It pays to be nice to your competitor brands on social media, study finds

Newswise – The brand’s competitors aren’t known for being nice to each other. Think of the legendary “ad wars” between Coke and Pepsi, Avis and Hertz, or McDonalds and Burger King.

But what if brands played well with each other on social media? A group of researchers from the University of Wisconsin-Milwaukee and Duke University wondered after noticing tweets from Xbox and PlayStation congratulating Nintendo on new product launches.

In a study that’s been buzzing among marketers, researchers conducted nearly a dozen experiments that show that when a brand compliments a competitor on social media, it boosts their reputation as well as their sales.

The benefits go to the praising brand, but it doesn’t affect the brand on the receiving end, said Katherine Du, one of the co-authors from the Lubar School of Business at UW-Milwaukee.

In one of the experiments included in the study, participants received one of two fictional tweets: one in which Kit Kat complimented a top competitor, Twix (“@twix, competitor or not, congratulations on your 54 years in business! Even we can admit – Twix are delicious”). In the other tweet, Kit Kat only mentioned her own product (“Start your day with a treat!”).

After 11 days, participants reported buying candy since the study ended. Those who saw the free Kit Kat tweet bought this brand 34% more frequently than those who saw the self-promoting Kit Kat tweet. Sales of Twix did not increase, even though Kit Kat called Twix delicious.

The strategy works for the renter because consumers’ opinions of brands are based on two dimensions — warmth and competence, said Du, who conducted the study with Lingrui Zhou and Keisha Cutright at Duke University.

“Warmth is one of the number one things we judge a brand on — and how we judge others too,” she said. “Our contribution was to examine how brands can interact to create this perception. But it’s important that the praising brand initiates the interaction and comes across as authentic.
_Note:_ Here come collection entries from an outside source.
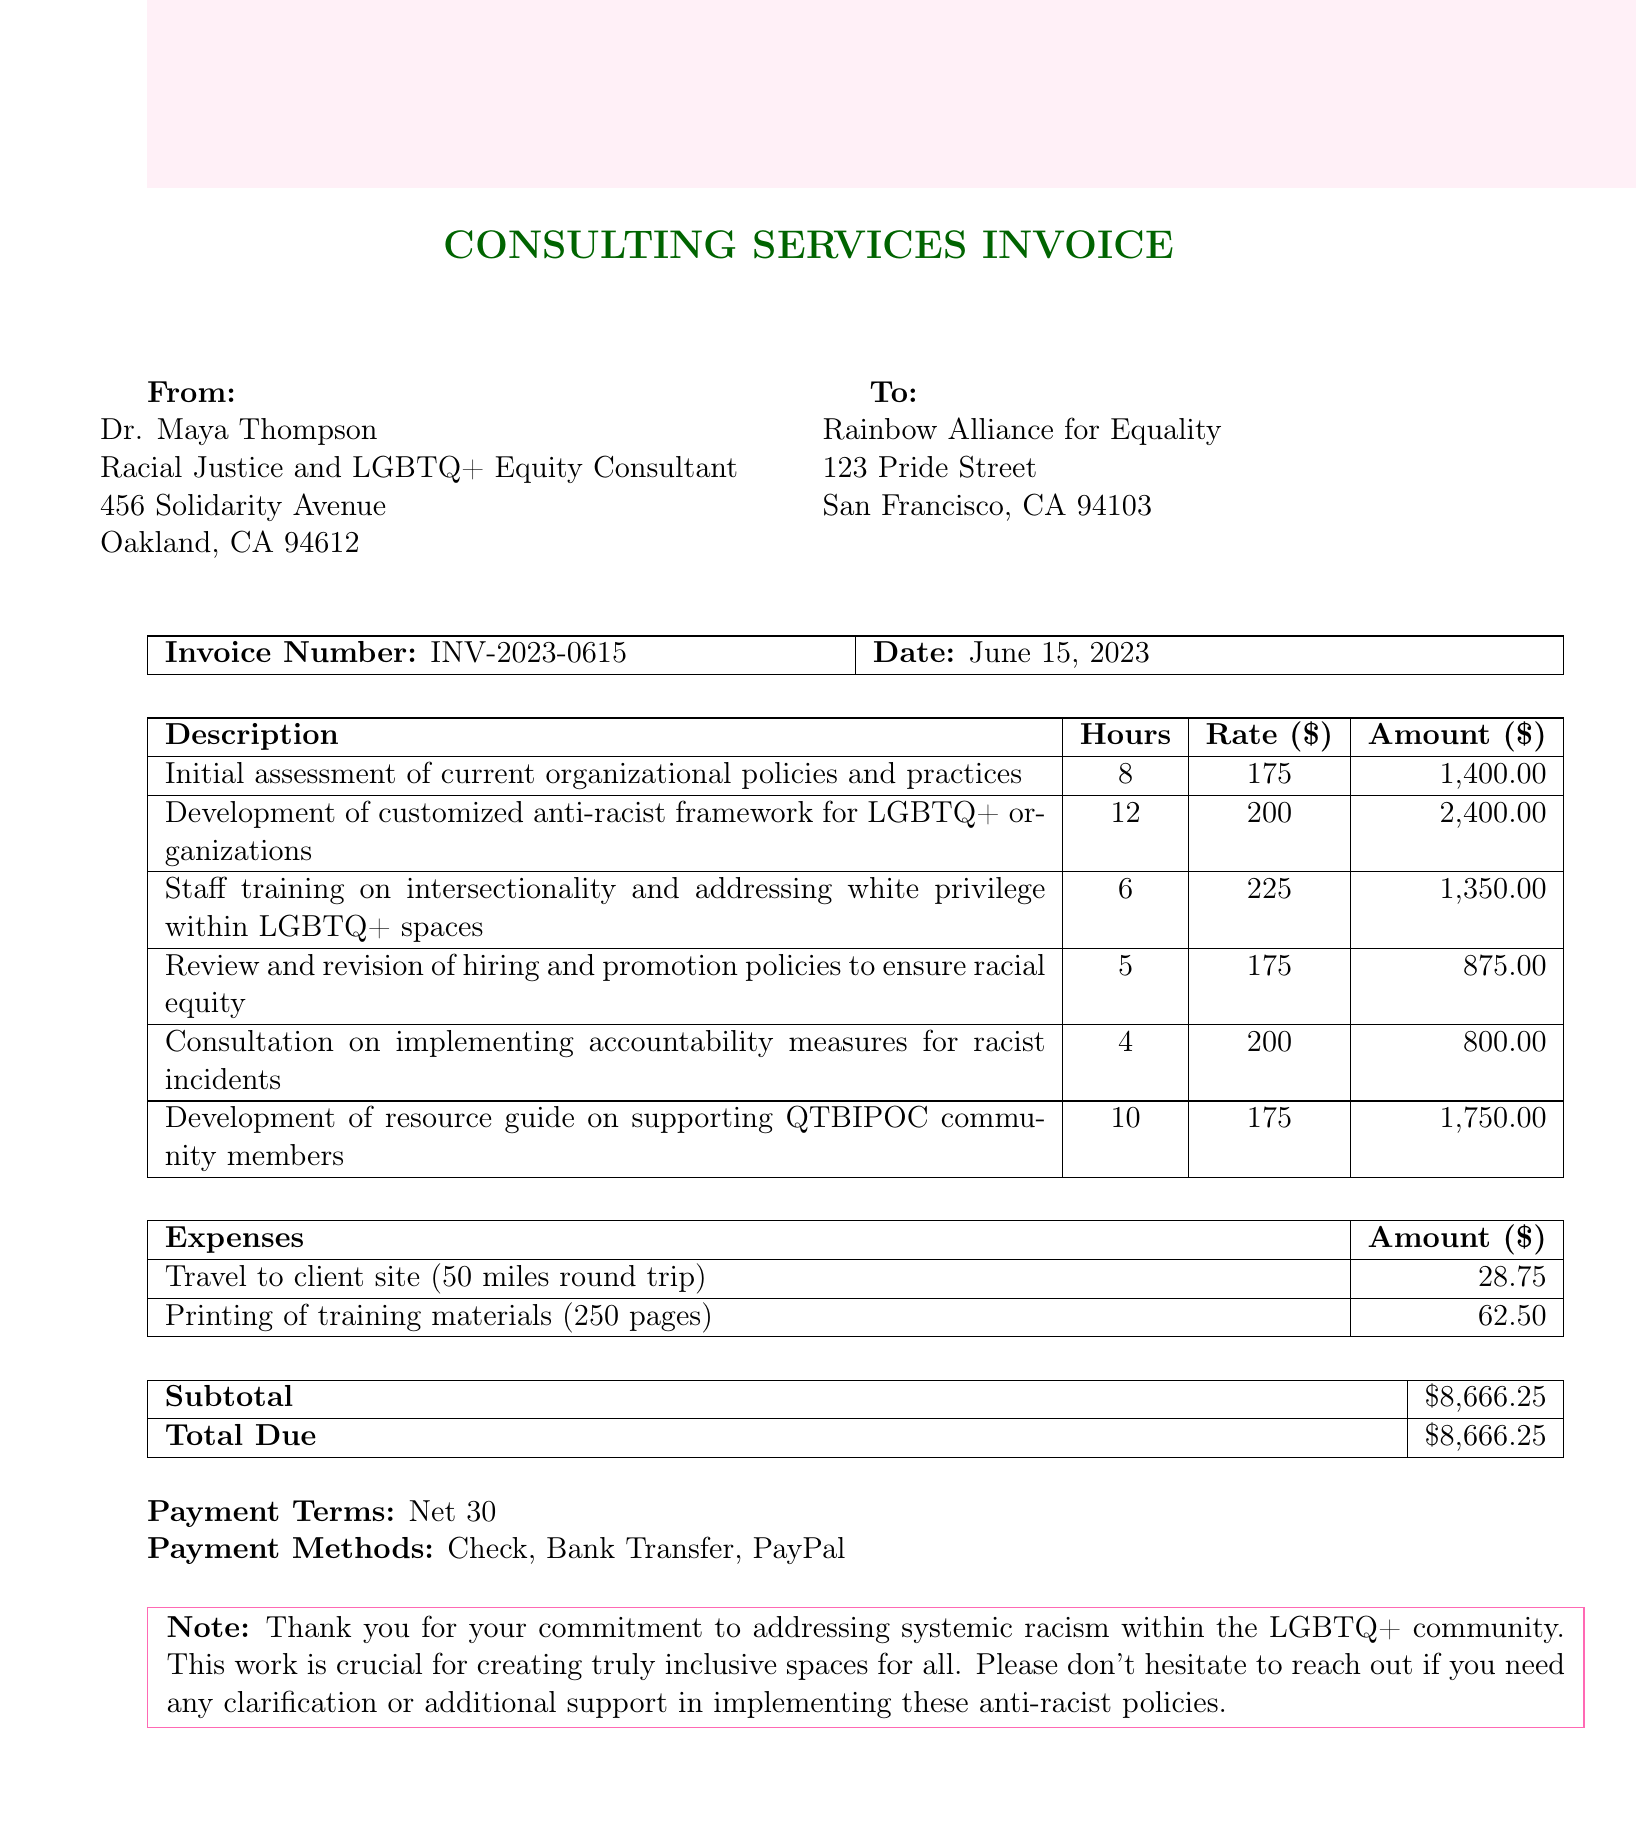What is the invoice number? The invoice number is explicitly listed in the document.
Answer: INV-2023-0615 Who is the consultant? The name of the consultant is provided in the document under the consultant section.
Answer: Dr. Maya Thompson What is the total due amount? The total due is calculated from the subtotal, including all services and expenses listed.
Answer: $8,666.25 How many hours were spent on staff training? The document specifies the hours allocated to staff training.
Answer: 6 What is the expense for printing training materials? The cost for printing training materials is detailed under expenses in the invoice.
Answer: 62.50 What payment terms are specified? The terms of payment are stated directly in the document.
Answer: Net 30 How many hours were dedicated to developing an anti-racist framework? The document states the hours for this specific service within the services section.
Answer: 12 What is the consultant's title? The title of the consultant is listed immediately following the consultant's name.
Answer: Racial Justice and LGBTQ+ Equity Consultant What method of payment is NOT listed? The document includes specific payment methods; an omitted method indicates what is not listed.
Answer: Credit Card

Why doesn’t it work for the brand being rented?

“We believe this is because consumers recognize that this is an uncommon and potentially risky action for the praise brand, given that there is no obvious benefit to them,” said Zhou, a PhD student at Duke.

Zhou added that brand-to-brand praise works best for organizations that aren’t traditionally viewed as warm or caring. Among consumers, the most skeptical are those who have felt the most effect.

“Skeptical consumers don’t trust brands very much to begin with,” she said. “And so when they see this type of interaction, it disarms them and allows them to change their perception of the brand that’s being praised.”

The study, published earlier this year in the Journal of Marketing, included about 4,000 participants and a collection of tens of thousands of real tweets.

To suggest that marketers can profit by drawing positive attention to competitors is still a radical idea, Du said.

“It’s been an uphill battle for us to get people in marketing to believe that this brand-to-brand praise works,” she said. “That’s why there’s so much data in this study because the burden of evidence was really high.”